(PROBLEM DESCRIPTION) I'd like the records transcribed exactly, leaving the images out.

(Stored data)
⁂
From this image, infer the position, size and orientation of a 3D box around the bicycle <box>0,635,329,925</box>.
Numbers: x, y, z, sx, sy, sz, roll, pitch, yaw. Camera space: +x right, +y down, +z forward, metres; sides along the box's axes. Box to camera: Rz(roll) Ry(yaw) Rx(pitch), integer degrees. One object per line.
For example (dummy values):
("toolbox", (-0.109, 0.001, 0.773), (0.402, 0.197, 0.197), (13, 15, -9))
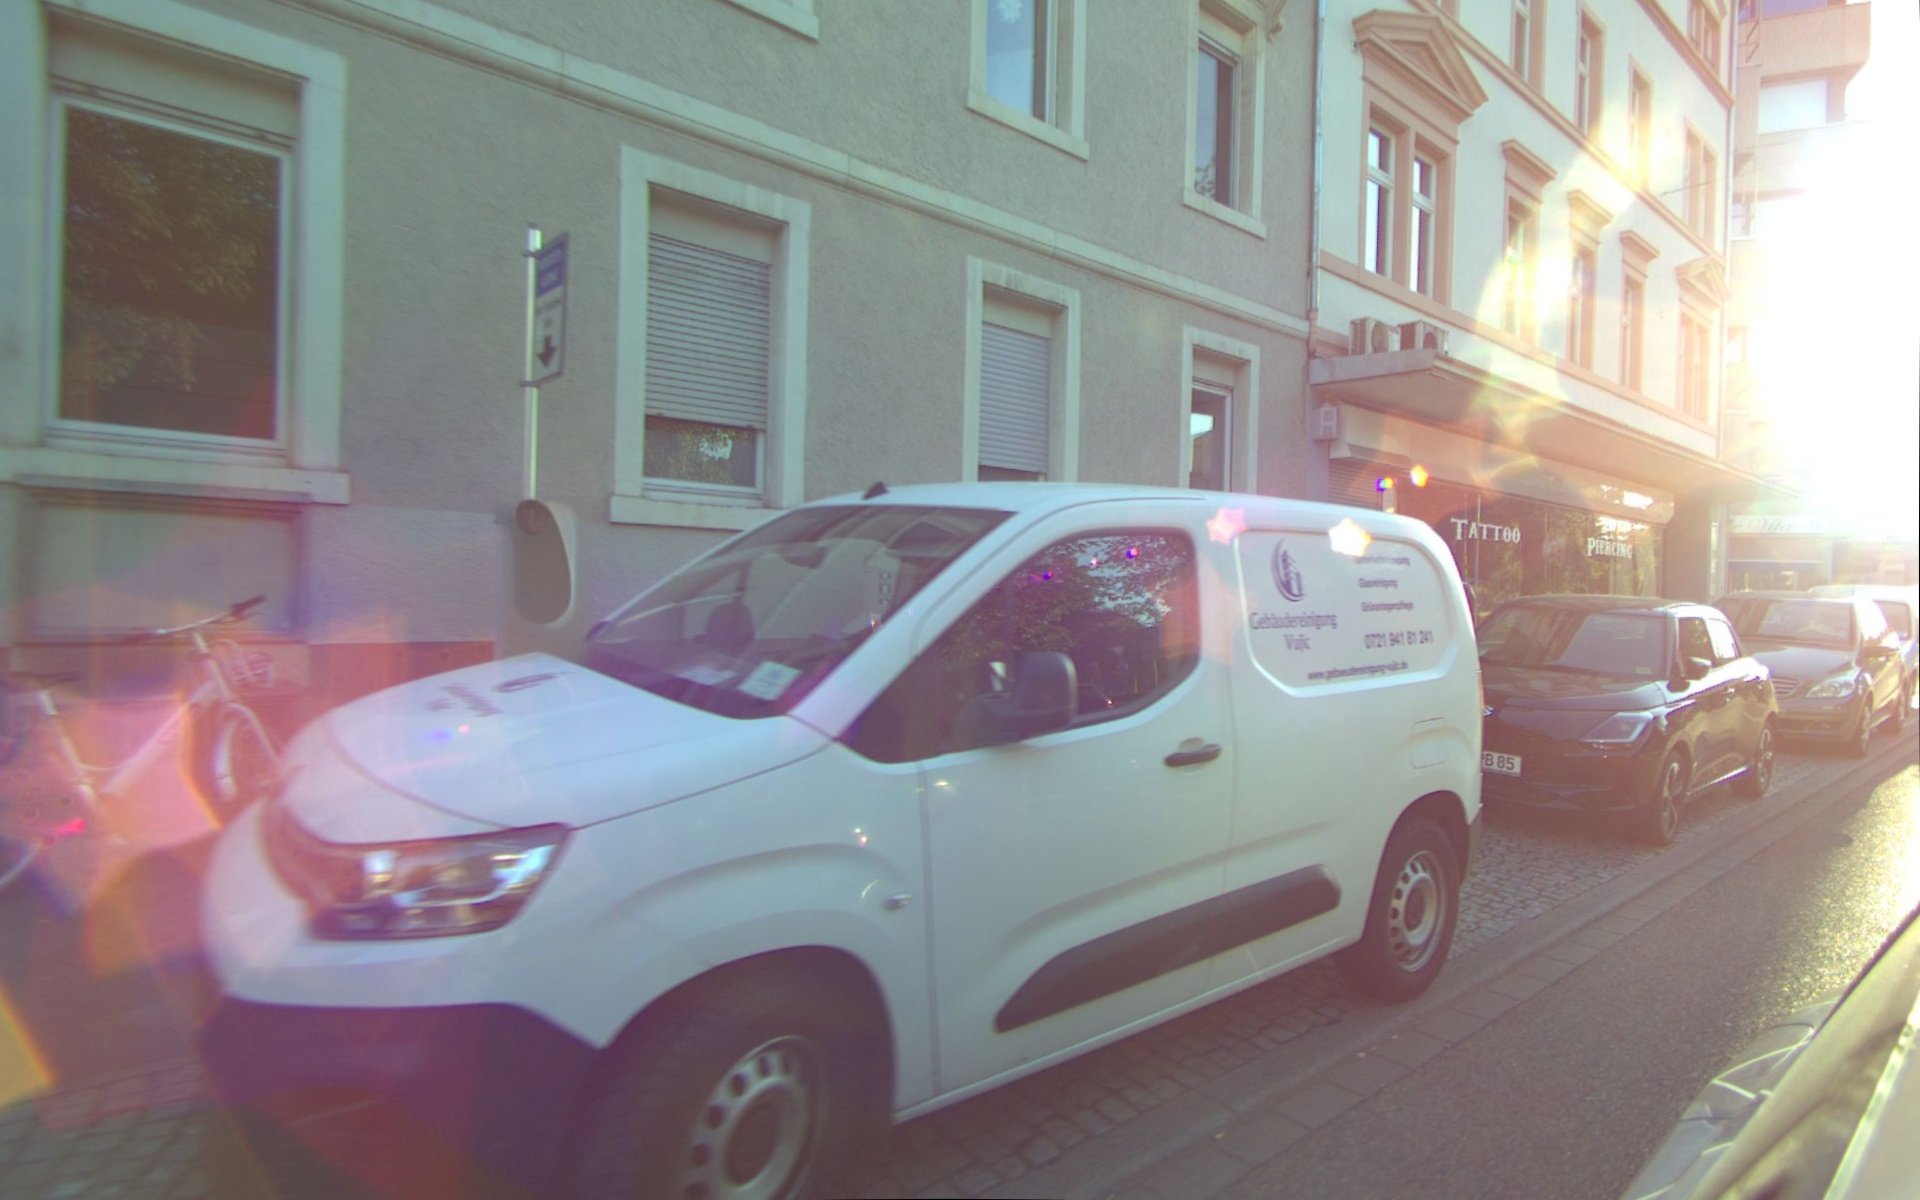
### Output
("bicycle", (-3.620, 0.702, 4.175), (0.453, 1.024, 1.691), (0, 1, 35))

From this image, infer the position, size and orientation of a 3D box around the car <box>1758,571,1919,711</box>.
("car", (13.508, 0.516, 15.059), (4.019, 1.814, 1.796), (0, 1, -40))

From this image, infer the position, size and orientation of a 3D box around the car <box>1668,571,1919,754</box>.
("car", (9.465, 0.586, 11.295), (4.036, 1.686, 1.659), (1, 0, -41))

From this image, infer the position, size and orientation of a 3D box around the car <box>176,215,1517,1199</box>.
("car", (0.079, 0.418, 3.397), (4.228, 1.858, 1.713), (1, -1, -40))

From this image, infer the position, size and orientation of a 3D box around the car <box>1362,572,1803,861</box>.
("car", (4.671, 0.648, 7.371), (3.814, 1.564, 1.670), (1, 0, -41))

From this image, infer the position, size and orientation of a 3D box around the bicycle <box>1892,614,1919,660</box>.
("bicycle", (22.067, 0.890, 22.574), (0.530, 1.002, 1.798), (3, 2, -17))

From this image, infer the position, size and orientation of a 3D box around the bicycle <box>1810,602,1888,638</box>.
("bicycle", (28.980, 0.648, 33.001), (1.862, 1.017, 0.457), (3, 2, 12))
⁂
(RESULT OF THE EXERCISE)
From this image, infer the position, size and orientation of a 3D box around the bicycle <box>0,635,329,925</box>.
Numbers: x, y, z, sx, sy, sz, roll, pitch, yaw. Camera space: +x right, +y down, +z forward, metres; sides along the box's axes. Box to camera: Rz(roll) Ry(yaw) Rx(pitch), integer degrees. One object per line.
For example (dummy values):
("toolbox", (-0.109, 0.001, 0.773), (0.402, 0.197, 0.197), (13, 15, -9))
### Output
("bicycle", (-3.620, 0.702, 4.175), (0.453, 1.024, 1.691), (0, 1, 35))

From this image, infer the position, size and orientation of a 3D box around the car <box>1758,571,1919,711</box>.
("car", (13.508, 0.516, 15.059), (4.019, 1.814, 1.796), (0, 1, -40))

From this image, infer the position, size and orientation of a 3D box around the car <box>1668,571,1919,754</box>.
("car", (9.465, 0.586, 11.295), (4.036, 1.686, 1.659), (1, 0, -41))

From this image, infer the position, size and orientation of a 3D box around the car <box>176,215,1517,1199</box>.
("car", (0.079, 0.418, 3.397), (4.228, 1.858, 1.713), (1, -1, -40))

From this image, infer the position, size and orientation of a 3D box around the car <box>1362,572,1803,861</box>.
("car", (4.671, 0.648, 7.371), (3.814, 1.564, 1.670), (1, 0, -41))

From this image, infer the position, size and orientation of a 3D box around the bicycle <box>1892,614,1919,660</box>.
("bicycle", (22.067, 0.890, 22.574), (0.530, 1.002, 1.798), (3, 2, -17))

From this image, infer the position, size and orientation of a 3D box around the bicycle <box>1810,602,1888,638</box>.
("bicycle", (28.980, 0.648, 33.001), (1.862, 1.017, 0.457), (3, 2, 12))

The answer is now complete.